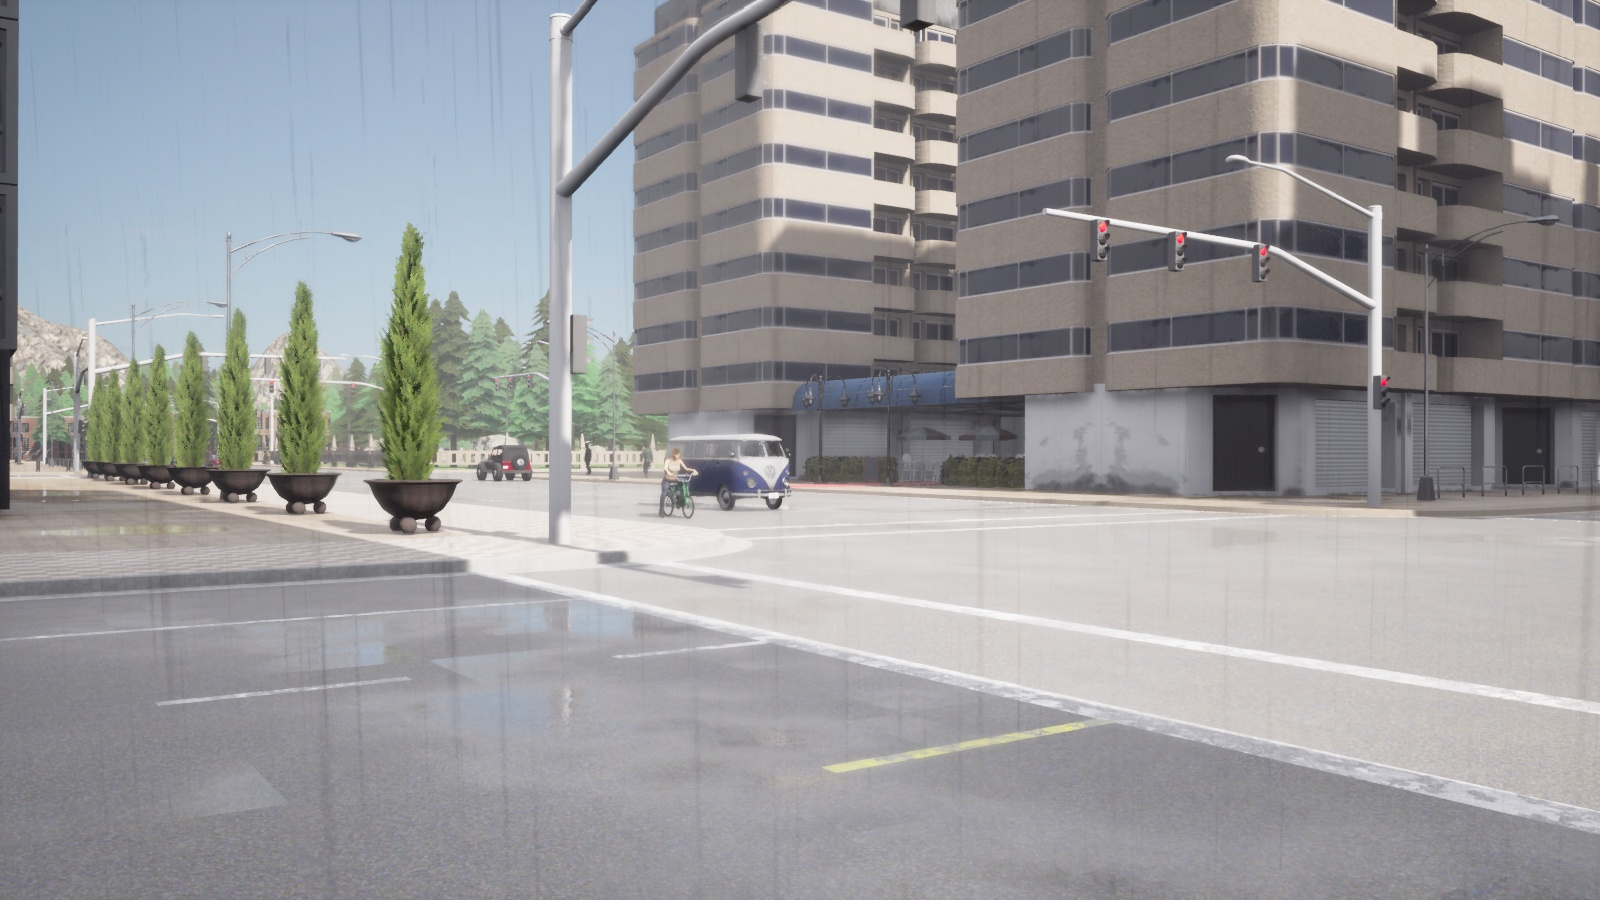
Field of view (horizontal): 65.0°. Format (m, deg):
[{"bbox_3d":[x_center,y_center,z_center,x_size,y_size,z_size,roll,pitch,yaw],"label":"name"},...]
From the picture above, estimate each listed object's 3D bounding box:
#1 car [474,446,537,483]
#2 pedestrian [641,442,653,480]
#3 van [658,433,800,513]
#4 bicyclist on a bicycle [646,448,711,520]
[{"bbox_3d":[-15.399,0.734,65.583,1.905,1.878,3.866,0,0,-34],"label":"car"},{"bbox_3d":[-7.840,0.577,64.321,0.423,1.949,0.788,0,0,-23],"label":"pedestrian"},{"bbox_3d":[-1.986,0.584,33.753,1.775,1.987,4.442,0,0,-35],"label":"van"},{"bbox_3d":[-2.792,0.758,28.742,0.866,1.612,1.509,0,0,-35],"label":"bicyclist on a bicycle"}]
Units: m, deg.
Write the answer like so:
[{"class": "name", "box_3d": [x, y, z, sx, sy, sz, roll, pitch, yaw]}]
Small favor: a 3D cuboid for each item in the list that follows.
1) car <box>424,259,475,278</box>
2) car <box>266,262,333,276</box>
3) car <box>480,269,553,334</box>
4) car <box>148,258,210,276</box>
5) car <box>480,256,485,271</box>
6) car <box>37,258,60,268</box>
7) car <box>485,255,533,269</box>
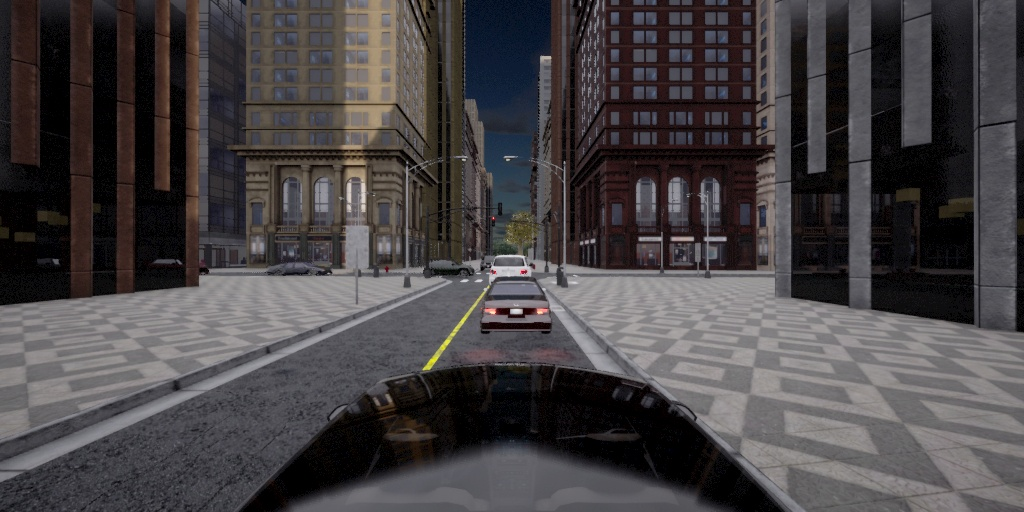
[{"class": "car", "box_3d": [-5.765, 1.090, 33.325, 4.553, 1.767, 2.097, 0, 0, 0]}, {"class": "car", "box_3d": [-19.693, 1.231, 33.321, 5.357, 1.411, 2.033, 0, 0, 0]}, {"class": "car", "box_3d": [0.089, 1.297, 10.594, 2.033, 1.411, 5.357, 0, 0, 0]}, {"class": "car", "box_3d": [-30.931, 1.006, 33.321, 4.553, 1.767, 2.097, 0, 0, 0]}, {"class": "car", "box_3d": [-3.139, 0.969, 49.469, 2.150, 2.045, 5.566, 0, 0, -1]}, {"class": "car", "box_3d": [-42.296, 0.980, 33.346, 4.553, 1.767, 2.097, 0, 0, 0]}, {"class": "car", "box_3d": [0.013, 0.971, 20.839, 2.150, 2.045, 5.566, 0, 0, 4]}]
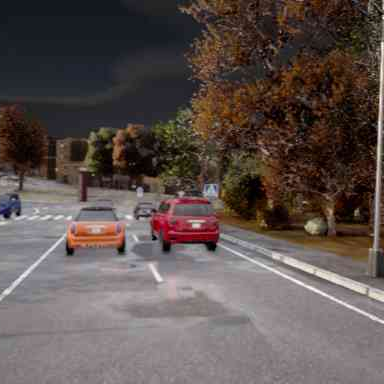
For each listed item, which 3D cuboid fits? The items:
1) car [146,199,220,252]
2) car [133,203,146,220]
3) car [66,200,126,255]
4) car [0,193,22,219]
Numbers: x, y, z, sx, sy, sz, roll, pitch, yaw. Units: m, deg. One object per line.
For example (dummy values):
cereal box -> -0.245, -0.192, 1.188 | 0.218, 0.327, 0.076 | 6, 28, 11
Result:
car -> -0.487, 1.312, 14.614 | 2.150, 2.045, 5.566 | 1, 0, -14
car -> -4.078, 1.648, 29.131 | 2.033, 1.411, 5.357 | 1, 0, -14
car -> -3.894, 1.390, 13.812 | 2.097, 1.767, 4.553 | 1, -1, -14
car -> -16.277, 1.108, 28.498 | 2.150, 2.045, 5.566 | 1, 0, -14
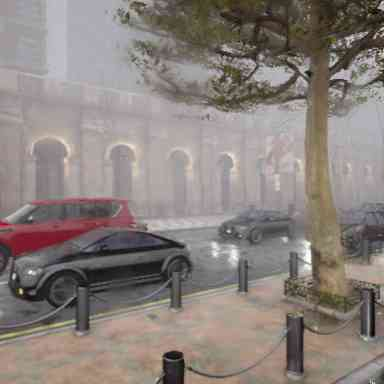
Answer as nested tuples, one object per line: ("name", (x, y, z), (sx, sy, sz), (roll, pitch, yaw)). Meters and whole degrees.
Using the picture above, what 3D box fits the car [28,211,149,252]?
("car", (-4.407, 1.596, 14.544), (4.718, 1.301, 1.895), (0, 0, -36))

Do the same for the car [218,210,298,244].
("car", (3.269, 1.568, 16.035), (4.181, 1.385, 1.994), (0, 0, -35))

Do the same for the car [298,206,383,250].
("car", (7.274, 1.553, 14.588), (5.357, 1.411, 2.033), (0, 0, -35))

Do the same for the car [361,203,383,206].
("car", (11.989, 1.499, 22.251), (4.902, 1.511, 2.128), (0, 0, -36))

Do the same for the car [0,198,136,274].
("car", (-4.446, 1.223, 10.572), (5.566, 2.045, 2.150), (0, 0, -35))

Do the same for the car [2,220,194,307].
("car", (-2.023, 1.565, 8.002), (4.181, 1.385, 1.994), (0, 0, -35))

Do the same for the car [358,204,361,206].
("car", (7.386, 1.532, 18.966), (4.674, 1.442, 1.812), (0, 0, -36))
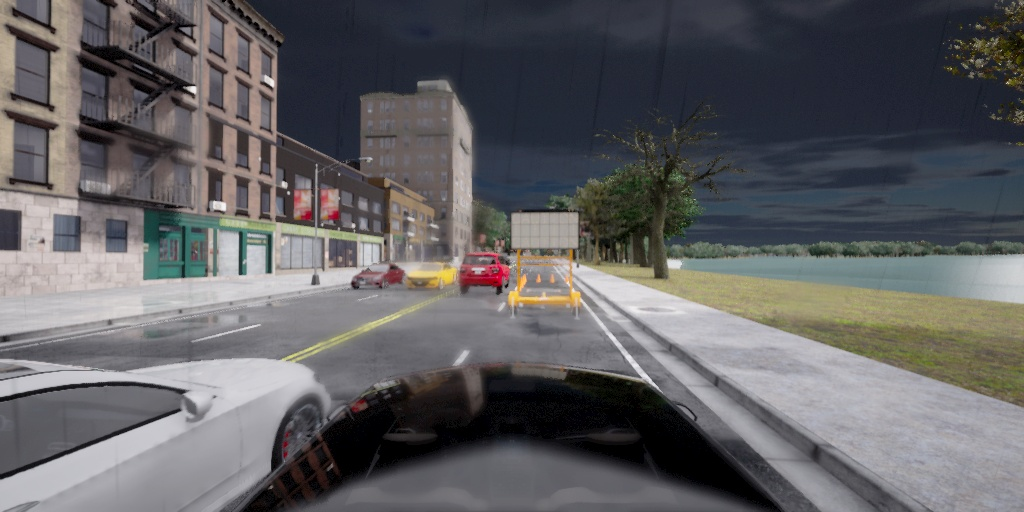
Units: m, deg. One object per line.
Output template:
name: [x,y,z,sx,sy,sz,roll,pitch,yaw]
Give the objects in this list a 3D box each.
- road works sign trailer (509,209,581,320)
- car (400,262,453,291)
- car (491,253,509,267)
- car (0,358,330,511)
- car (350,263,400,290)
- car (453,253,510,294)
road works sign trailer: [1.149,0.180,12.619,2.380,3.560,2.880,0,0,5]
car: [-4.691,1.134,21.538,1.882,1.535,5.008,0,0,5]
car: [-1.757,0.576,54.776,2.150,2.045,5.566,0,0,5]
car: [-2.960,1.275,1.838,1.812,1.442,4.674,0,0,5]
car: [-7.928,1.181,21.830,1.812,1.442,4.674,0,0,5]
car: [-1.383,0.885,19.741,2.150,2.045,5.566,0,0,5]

» TASK INSTRUCTIONS
Reproduce the records above word for word, without the images.

» REPLY TO THE EXERCISE
Field of view (horizontal): 65.0°. Format (m, deg):
[{"bbox_3d":[x_center,y_center,z_center,x_size,y_size,z_size,roll,pitch,yaw],"label":"name"},...]
From the picture above, estimate each listed object's 3D bounding box:
#1 car [474,446,537,483]
#2 pedestrian [641,442,653,480]
#3 van [658,433,800,513]
#4 bicyclist on a bicycle [646,448,711,520]
[{"bbox_3d":[-15.399,0.734,65.583,1.905,1.878,3.866,0,0,-34],"label":"car"},{"bbox_3d":[-7.840,0.577,64.321,0.423,1.949,0.788,0,0,-23],"label":"pedestrian"},{"bbox_3d":[-1.986,0.584,33.753,1.775,1.987,4.442,0,0,-35],"label":"van"},{"bbox_3d":[-2.792,0.758,28.742,0.866,1.612,1.509,0,0,-35],"label":"bicyclist on a bicycle"}]
Units: m, deg.
Write the answer like so:
[{"class": "name", "box_3d": [x, y, z, sx, sy, sz, roll, pitch, yaw]}]
Small favor: a 3D cuboid for each item in the list that follows.
1) car <box>424,259,475,278</box>
2) car <box>266,262,333,276</box>
3) car <box>480,269,553,334</box>
4) car <box>148,258,210,276</box>
5) car <box>480,256,485,271</box>
6) car <box>37,258,60,268</box>
7) car <box>485,255,533,269</box>
[{"class": "car", "box_3d": [-5.765, 1.090, 33.325, 4.553, 1.767, 2.097, 0, 0, 0]}, {"class": "car", "box_3d": [-19.693, 1.231, 33.321, 5.357, 1.411, 2.033, 0, 0, 0]}, {"class": "car", "box_3d": [0.089, 1.297, 10.594, 2.033, 1.411, 5.357, 0, 0, 0]}, {"class": "car", "box_3d": [-30.931, 1.006, 33.321, 4.553, 1.767, 2.097, 0, 0, 0]}, {"class": "car", "box_3d": [-3.139, 0.969, 49.469, 2.150, 2.045, 5.566, 0, 0, -1]}, {"class": "car", "box_3d": [-42.296, 0.980, 33.346, 4.553, 1.767, 2.097, 0, 0, 0]}, {"class": "car", "box_3d": [0.013, 0.971, 20.839, 2.150, 2.045, 5.566, 0, 0, 4]}]
For each listed item, which 3D cuboid fits? The items:
1) car [146,199,220,252]
2) car [133,203,146,220]
3) car [66,200,126,255]
4) car [0,193,22,219]
Numbers: x, y, z, sx, sy, sz, roll, pitch, yaw. Units: m, deg. One object per line.
For example (dummy values):
cereal box -> -0.245, -0.192, 1.188 | 0.218, 0.327, 0.076 | 6, 28, 11
Result:
car -> -0.487, 1.312, 14.614 | 2.150, 2.045, 5.566 | 1, 0, -14
car -> -4.078, 1.648, 29.131 | 2.033, 1.411, 5.357 | 1, 0, -14
car -> -3.894, 1.390, 13.812 | 2.097, 1.767, 4.553 | 1, -1, -14
car -> -16.277, 1.108, 28.498 | 2.150, 2.045, 5.566 | 1, 0, -14
Answer as nested tuples, one object per line: ("name", (x, y, z), (sx, sy, sz), (roll, pitch, yaw)). Meters and whole degrees.
Using the picture above, what 3D box fits the car [28,211,149,252]?
("car", (-4.407, 1.596, 14.544), (4.718, 1.301, 1.895), (0, 0, -36))

Do the same for the car [218,210,298,244].
("car", (3.269, 1.568, 16.035), (4.181, 1.385, 1.994), (0, 0, -35))

Do the same for the car [298,206,383,250].
("car", (7.274, 1.553, 14.588), (5.357, 1.411, 2.033), (0, 0, -35))

Do the same for the car [361,203,383,206].
("car", (11.989, 1.499, 22.251), (4.902, 1.511, 2.128), (0, 0, -36))

Do the same for the car [0,198,136,274].
("car", (-4.446, 1.223, 10.572), (5.566, 2.045, 2.150), (0, 0, -35))

Do the same for the car [2,220,194,307].
("car", (-2.023, 1.565, 8.002), (4.181, 1.385, 1.994), (0, 0, -35))

Do the same for the car [358,204,361,206].
("car", (7.386, 1.532, 18.966), (4.674, 1.442, 1.812), (0, 0, -36))
Units: m, deg. One object per line.
Output template:
name: [x,y,z,sx,sy,sz,roll,pitch,yaw]
Give the objects in this list a 3D box each.
- road works sign trailer (509,209,581,320)
- car (400,262,453,291)
- car (491,253,509,267)
- car (0,358,330,511)
- car (350,263,400,290)
- car (453,253,510,294)
road works sign trailer: [1.149,0.180,12.619,2.380,3.560,2.880,0,0,5]
car: [-4.691,1.134,21.538,1.882,1.535,5.008,0,0,5]
car: [-1.757,0.576,54.776,2.150,2.045,5.566,0,0,5]
car: [-2.960,1.275,1.838,1.812,1.442,4.674,0,0,5]
car: [-7.928,1.181,21.830,1.812,1.442,4.674,0,0,5]
car: [-1.383,0.885,19.741,2.150,2.045,5.566,0,0,5]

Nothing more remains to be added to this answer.